- Opening Delimiter -

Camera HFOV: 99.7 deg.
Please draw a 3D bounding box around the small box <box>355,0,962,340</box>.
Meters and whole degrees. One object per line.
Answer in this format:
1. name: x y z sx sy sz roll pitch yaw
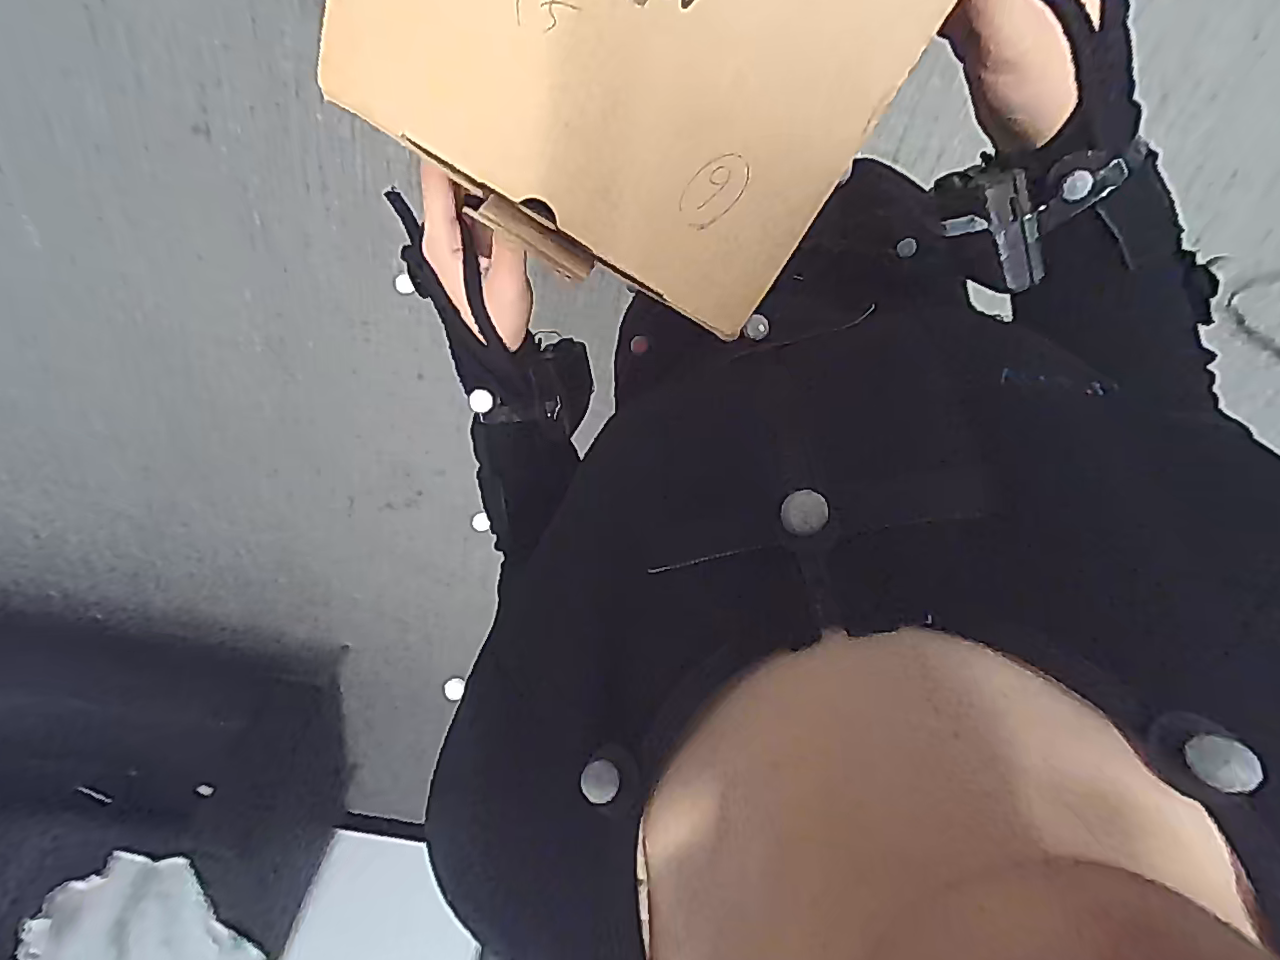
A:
1. small box: 0.018 -0.195 0.234 0.168 0.176 0.179 29 119 -9
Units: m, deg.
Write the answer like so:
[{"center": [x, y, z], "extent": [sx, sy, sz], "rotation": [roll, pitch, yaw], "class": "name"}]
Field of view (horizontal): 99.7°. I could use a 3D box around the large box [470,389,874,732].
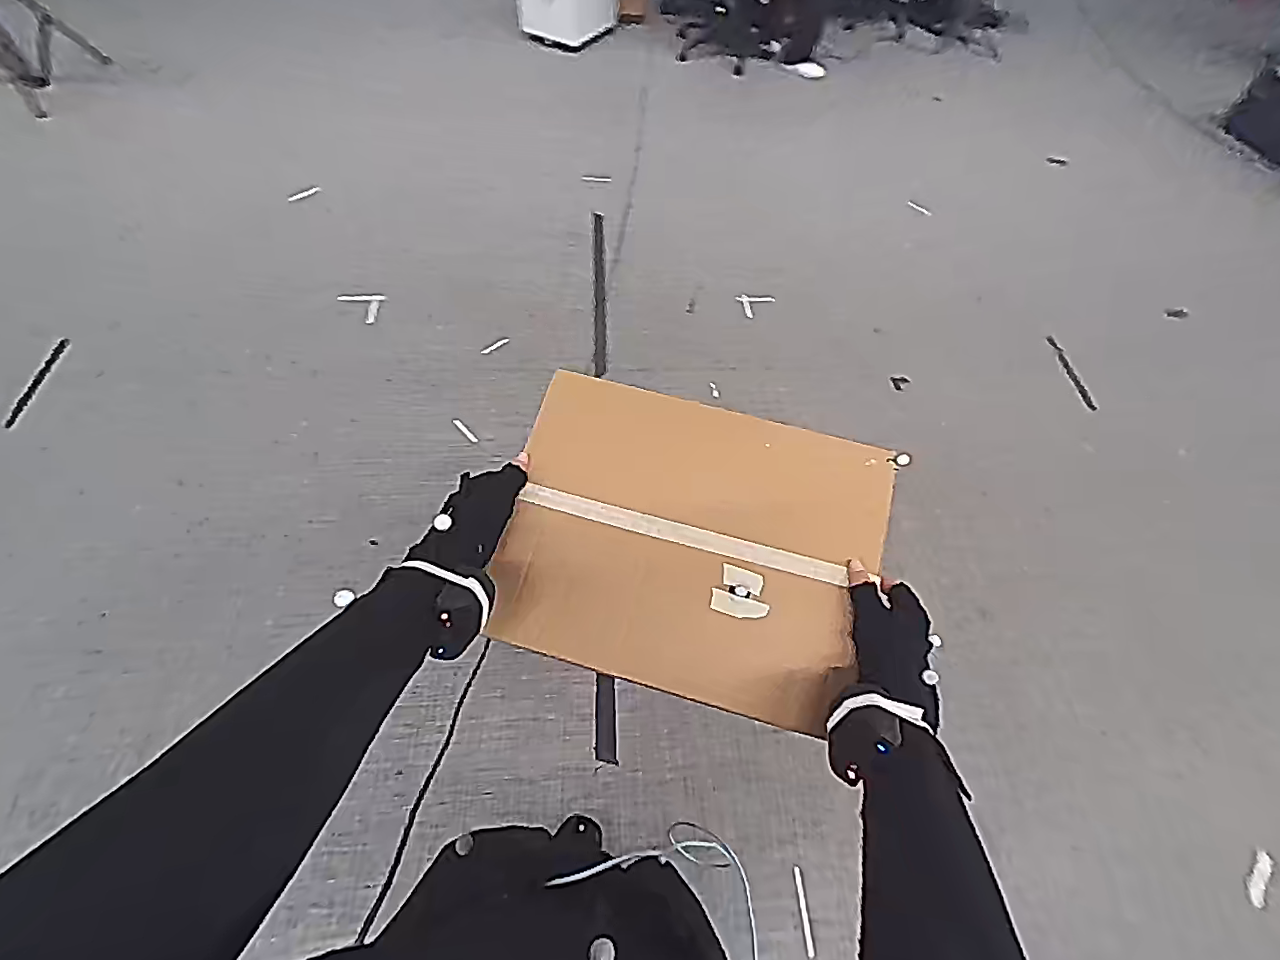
[{"center": [0.044, 0.119, 0.740], "extent": [0.408, 0.320, 0.320], "rotation": [14, 72, 4], "class": "large box"}]
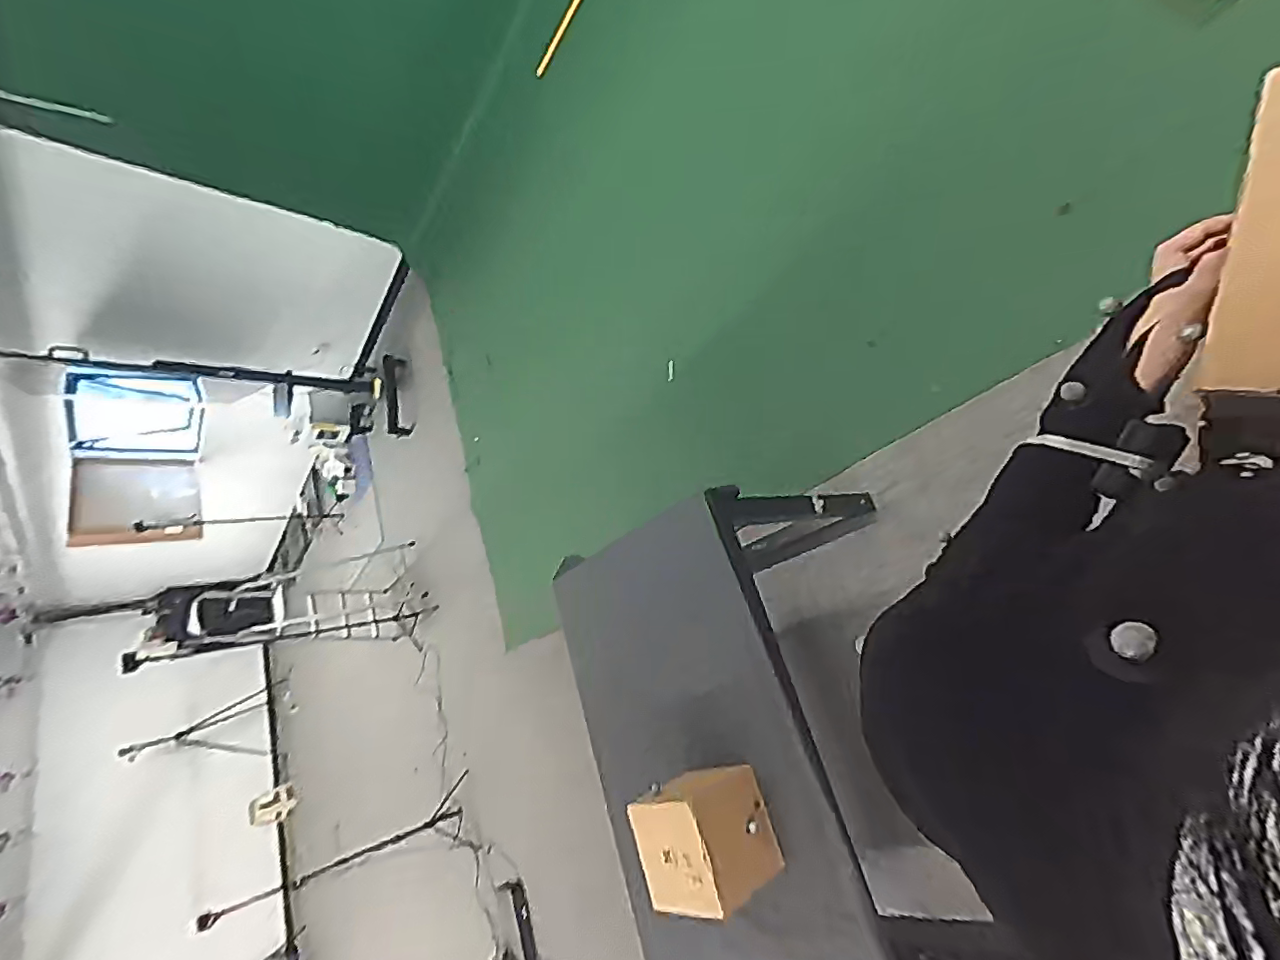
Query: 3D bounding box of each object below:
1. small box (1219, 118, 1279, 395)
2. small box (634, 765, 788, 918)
[{"bbox_3d":[0.450,-0.136,0.292,0.168,0.176,0.179,14,103,47],"label":"small box"},{"bbox_3d":[0.123,0.622,0.948,0.179,0.176,0.168,-37,65,41],"label":"small box"}]
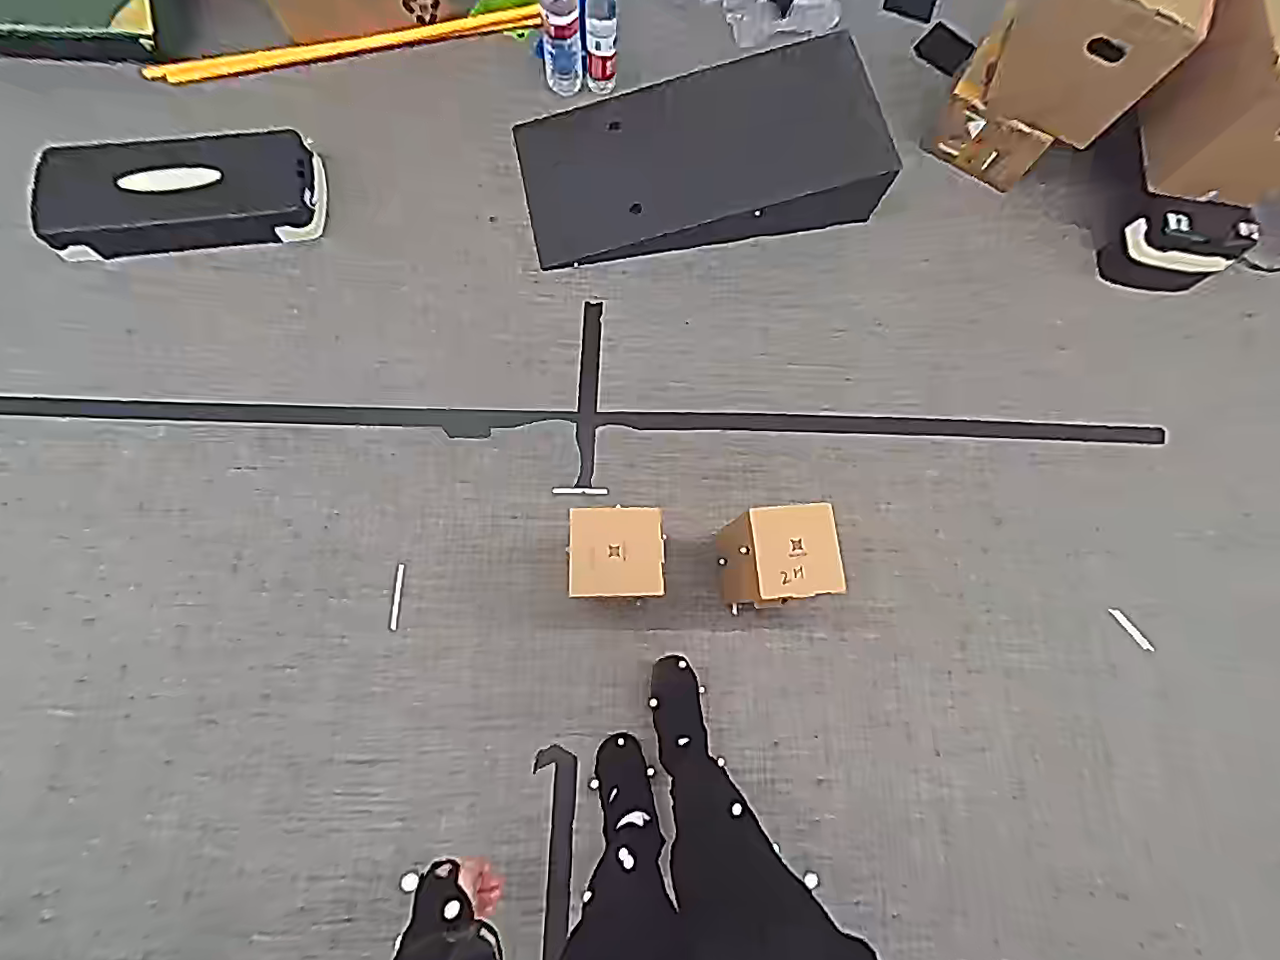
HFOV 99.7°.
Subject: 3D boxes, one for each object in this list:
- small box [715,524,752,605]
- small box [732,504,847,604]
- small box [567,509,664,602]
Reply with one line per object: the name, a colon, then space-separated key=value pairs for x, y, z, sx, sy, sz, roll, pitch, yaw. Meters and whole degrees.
small box: x=0.277 y=0.194 z=1.244 sx=0.168 sy=0.176 sz=0.179 roll=-4 pitch=76 yaw=-5
small box: x=0.289 y=0.154 z=1.085 sx=0.168 sy=0.176 sz=0.179 roll=-3 pitch=76 yaw=-4
small box: x=-0.048 y=0.152 z=1.062 sx=0.179 sy=0.176 sz=0.168 roll=0 pitch=76 yaw=-3
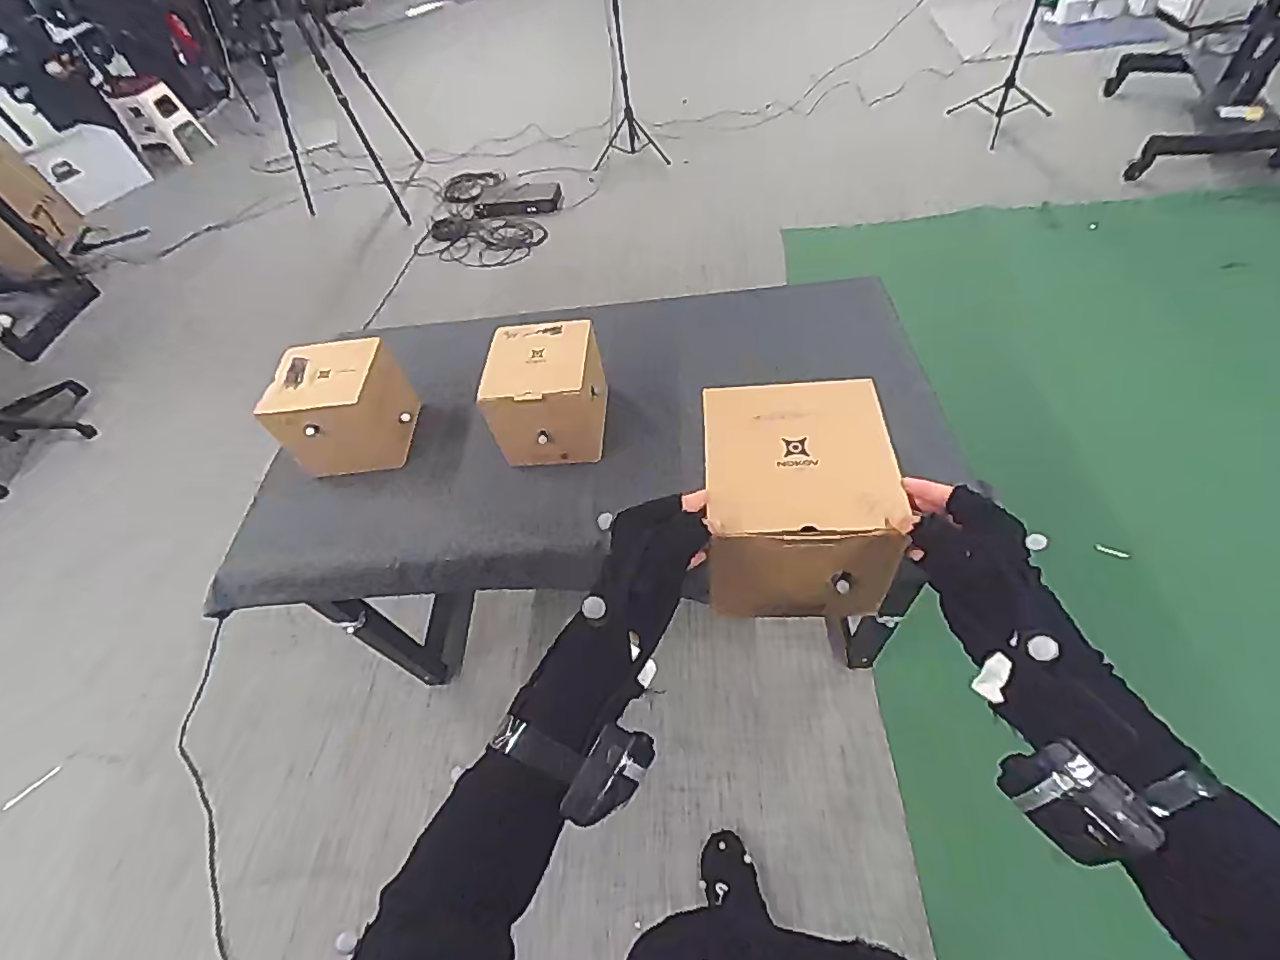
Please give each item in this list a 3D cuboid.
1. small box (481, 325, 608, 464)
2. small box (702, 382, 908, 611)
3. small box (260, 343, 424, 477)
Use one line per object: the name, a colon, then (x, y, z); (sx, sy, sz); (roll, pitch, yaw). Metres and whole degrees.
small box: (-0.152, -0.138, 0.929); (0.168, 0.176, 0.179); (-3, 53, 7)
small box: (0.151, 0.024, 0.556); (0.168, 0.176, 0.179); (-2, 51, 7)
small box: (-0.519, -0.120, 0.971); (0.179, 0.176, 0.168); (-6, 53, 3)
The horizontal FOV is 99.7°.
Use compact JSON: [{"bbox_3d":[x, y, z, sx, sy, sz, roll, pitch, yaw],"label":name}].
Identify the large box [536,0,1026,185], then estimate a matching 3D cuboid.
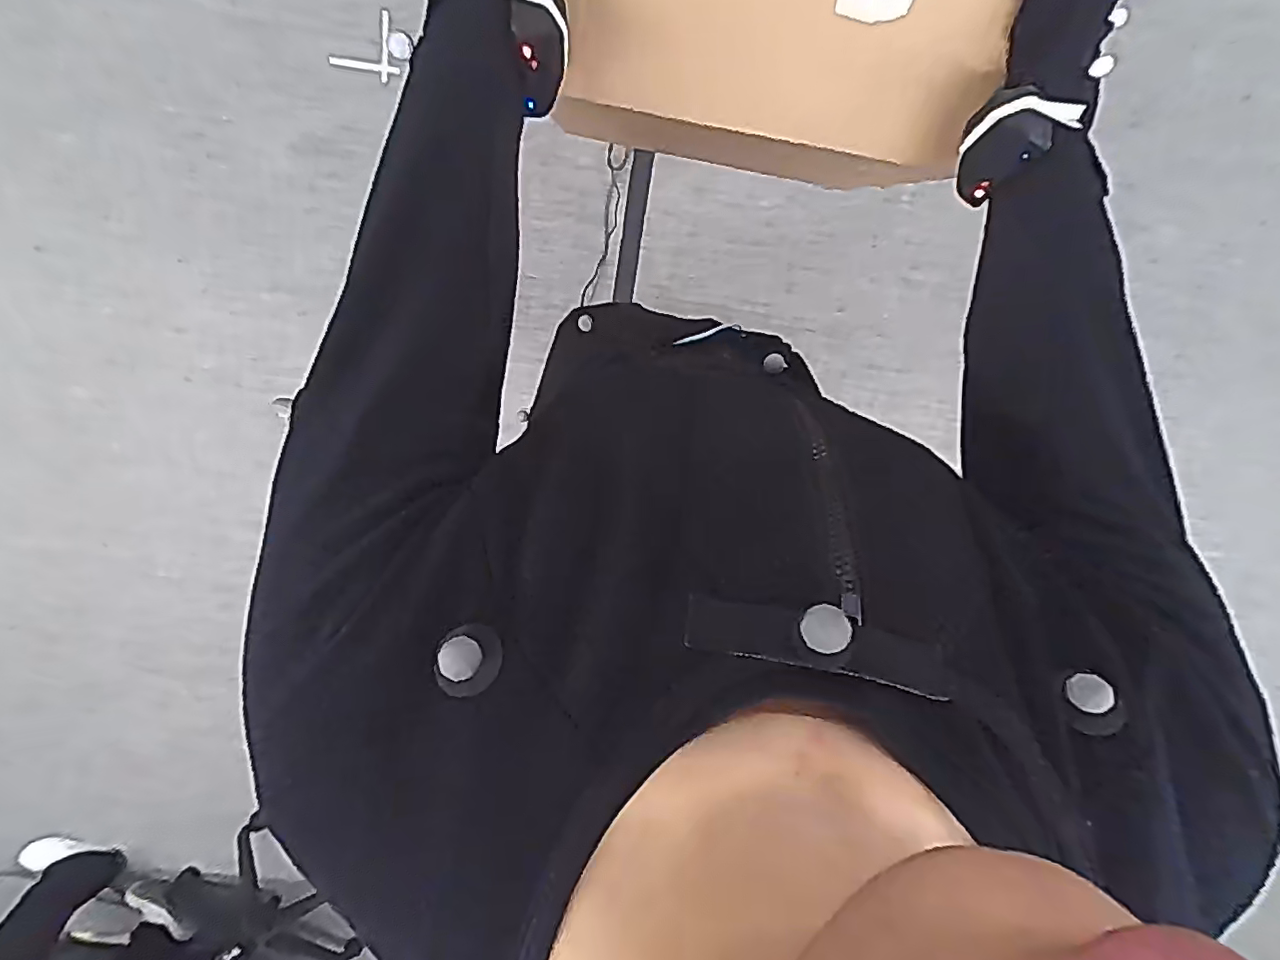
[{"bbox_3d":[0.120,-0.507,0.548,0.408,0.320,0.320,7,117,-6],"label":"large box"}]

- Closing Delimiter -

> [EXERCISE AIM]
Where a line in the material contains "list", copy that line.

> [EXERCISE OUTPUT]
Subject: 3D boxes, one for each object in this list:
Please give each item in this list a 3D cuboid.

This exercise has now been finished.